_PROBLEM TO SOLVE_
A faithful copy without images is required: write out all the records exactly.

━━━ MATERIAL SUPPLIED

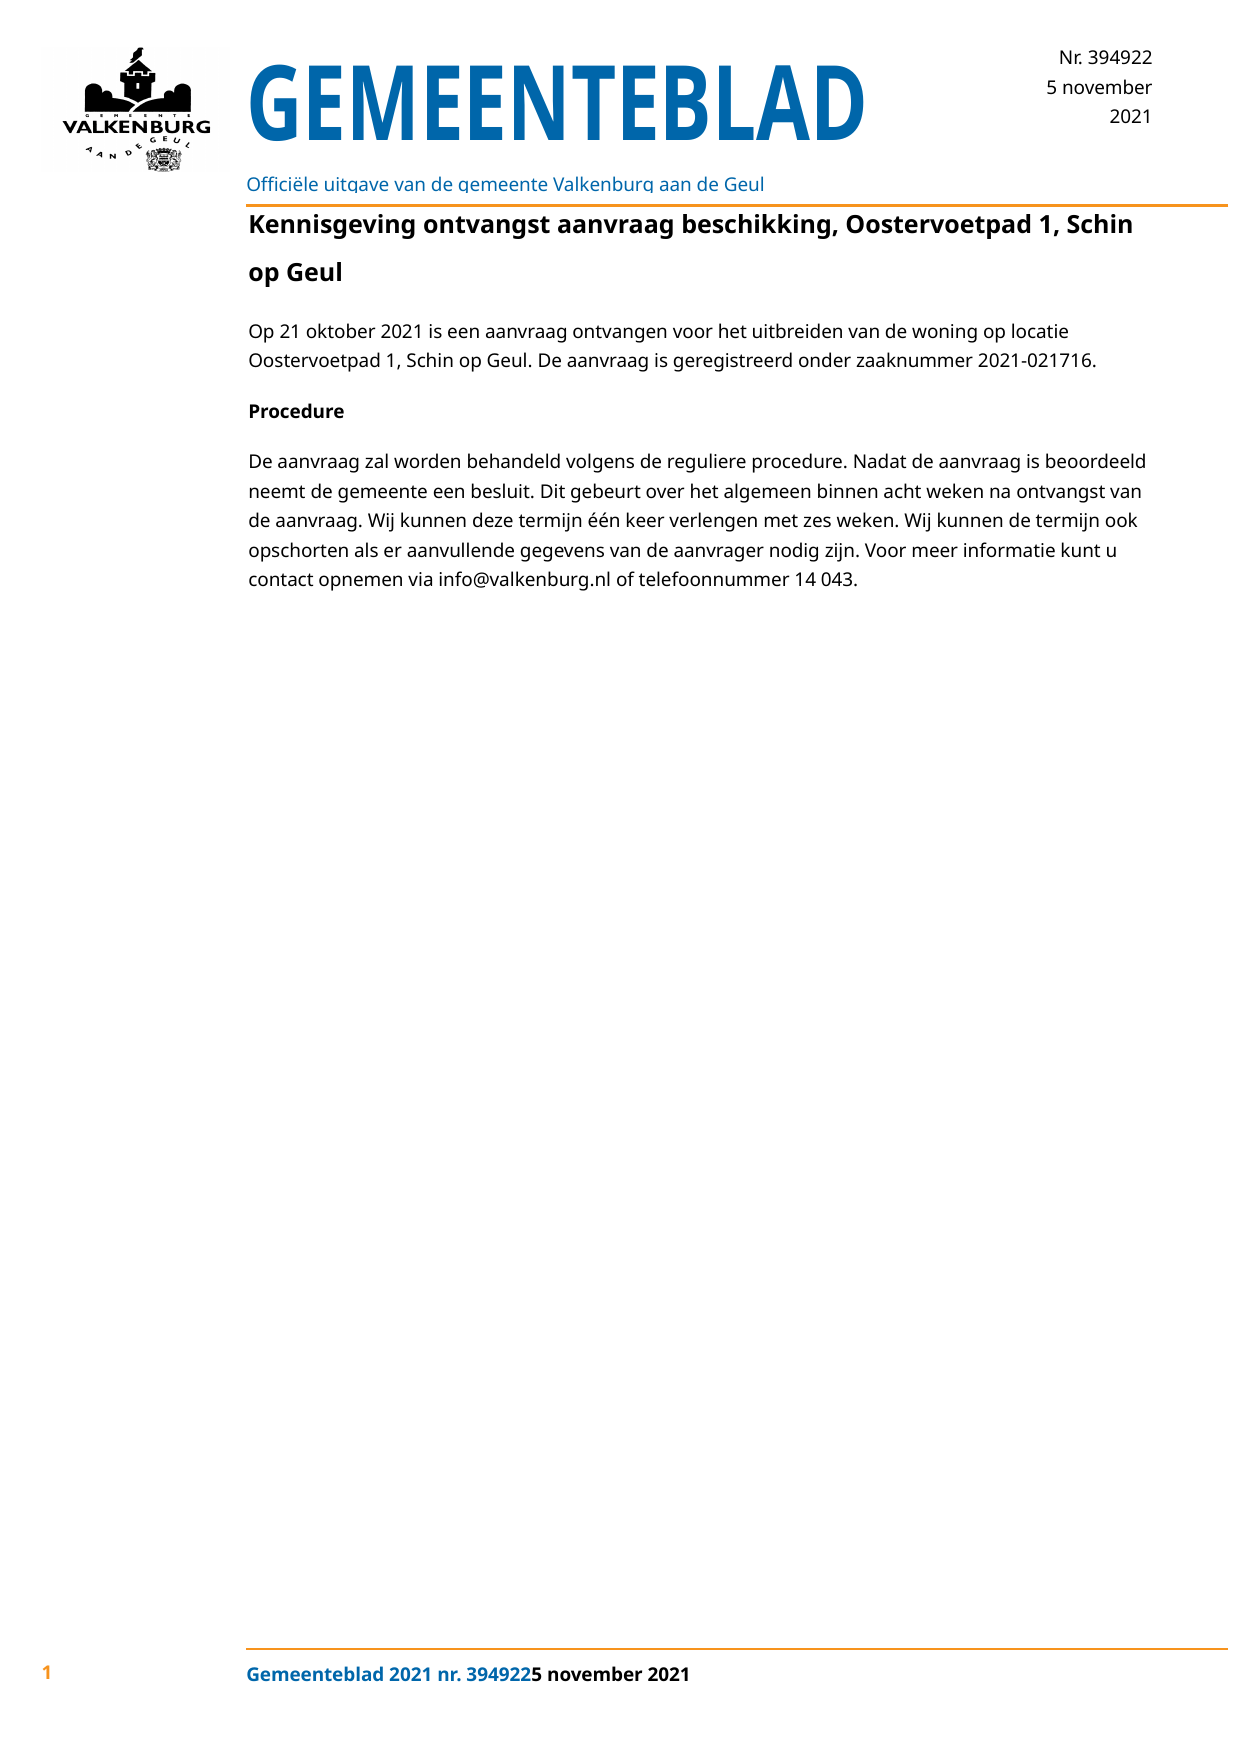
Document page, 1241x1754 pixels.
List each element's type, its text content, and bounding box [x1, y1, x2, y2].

picture [41, 47, 231, 172]
text De aanvraag zal worden behandeld volgens de reguliere procedure. Nadat de aanvraag is beoordeeld neemt de gemeente een besluit. Dit gebeurt over het algemeen binnen acht weken na ontvangst van de aanvraag. Wij kunnen deze termijn één keer verlengen met zes weken. Wij kunnen de termijn ook opschorten als er aanvullende gegevens van de aanvrager nodig zijn. Voor meer informatie kunt u contact opnemen via info@valkenburg.nl of telefoonnummer 14 043. [248, 448, 1152, 592]
text Kennisgeving ontvangst aanvraag beschikking, Oostervoetpad 1, Schin op Geul [248, 207, 1152, 288]
text Procedure [248, 398, 1152, 424]
text Op 21 oktober 2021 is een aanvraag ontvangen voor het uitbreiden van de woning op locatie Oostervoetpad 1, Schin op Geul. De aanvraag is geregistreerd onder zaaknummer 2021-021716. [248, 318, 1152, 373]

━━━━━━

_EXERCISE ANSWER_
Document page, 1241x1754 pixels.
List each element's type, its text content, and bounding box [x1, y1, x2, y2].

picture [41, 47, 231, 172]
text De aanvraag zal worden behandeld volgens de reguliere procedure. Nadat de aanvraag is beoordeeld neemt de gemeente een besluit. Dit gebeurt over het algemeen binnen acht weken na ontvangst van de aanvraag. Wij kunnen deze termijn één keer verlengen met zes weken. Wij kunnen de termijn ook opschorten als er aanvullende gegevens van de aanvrager nodig zijn. Voor meer informatie kunt u contact opnemen via info@valkenburg.nl of telefoonnummer 14 043. [248, 448, 1152, 592]
text Kennisgeving ontvangst aanvraag beschikking, Oostervoetpad 1, Schin op Geul [248, 207, 1152, 288]
text Procedure [248, 398, 1152, 424]
text Op 21 oktober 2021 is een aanvraag ontvangen voor het uitbreiden van de woning op locatie Oostervoetpad 1, Schin op Geul. De aanvraag is geregistreerd onder zaaknummer 2021-021716. [248, 318, 1152, 373]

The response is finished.